I suppose the reason Apple’s drives could’ve been cheaper was they didn’t have drive controller hardware. The Apple computer acted as the controller through software. This requires memory, though, in addition to the DOS that’s loaded.
Kind of interesting the article called JOSS a “defense contractor programming language.” Eh, yeah, RAND Corp. is a defense contractor, but it’s a think tank. They don’t make weapons systems. JOSS is obscure. I’ll give the article that. I hadn’t really heard of it until probably 14 years ago. The intent with it was not just for defense work (which I’m sure it could do). The reason it’s beloved by some computing luminaries is because of its language and user interface design. It wasn’t stodgy and bureaucratic, like you’d expect from the description the article gives it. It was even whimsical. If you typed a syntax error, it would respond,
“Eh?”
Not even Applesoft Basic, the friendliest Basic I used in that era, would do that.

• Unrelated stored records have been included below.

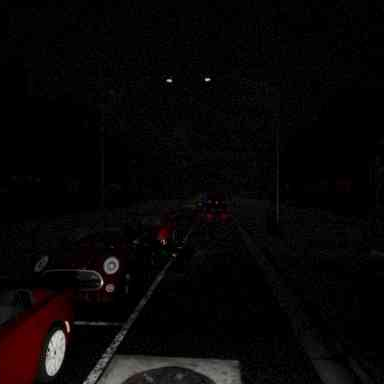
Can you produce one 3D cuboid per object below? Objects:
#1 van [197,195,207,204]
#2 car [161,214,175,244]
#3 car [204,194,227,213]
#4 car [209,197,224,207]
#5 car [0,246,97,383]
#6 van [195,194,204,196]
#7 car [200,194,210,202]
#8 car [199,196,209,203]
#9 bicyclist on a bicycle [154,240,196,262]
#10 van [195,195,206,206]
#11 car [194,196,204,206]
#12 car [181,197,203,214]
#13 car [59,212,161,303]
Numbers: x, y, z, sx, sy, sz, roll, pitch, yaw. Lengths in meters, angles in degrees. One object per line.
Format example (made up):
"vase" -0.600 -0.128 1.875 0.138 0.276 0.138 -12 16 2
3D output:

There’s some good video online demonstrating how to program in JOSS, how code was organized, and what you could do with what I’d call “gestures.” They weren’t commands, but symbolic gestures, describing what you wanted. Hard to say how much of this was in the PeCos version.
It’s interesting to consider that even though people likely felt alienated from the PeCos because of JOSS, it had some language features that feel familiar to Basic programmers.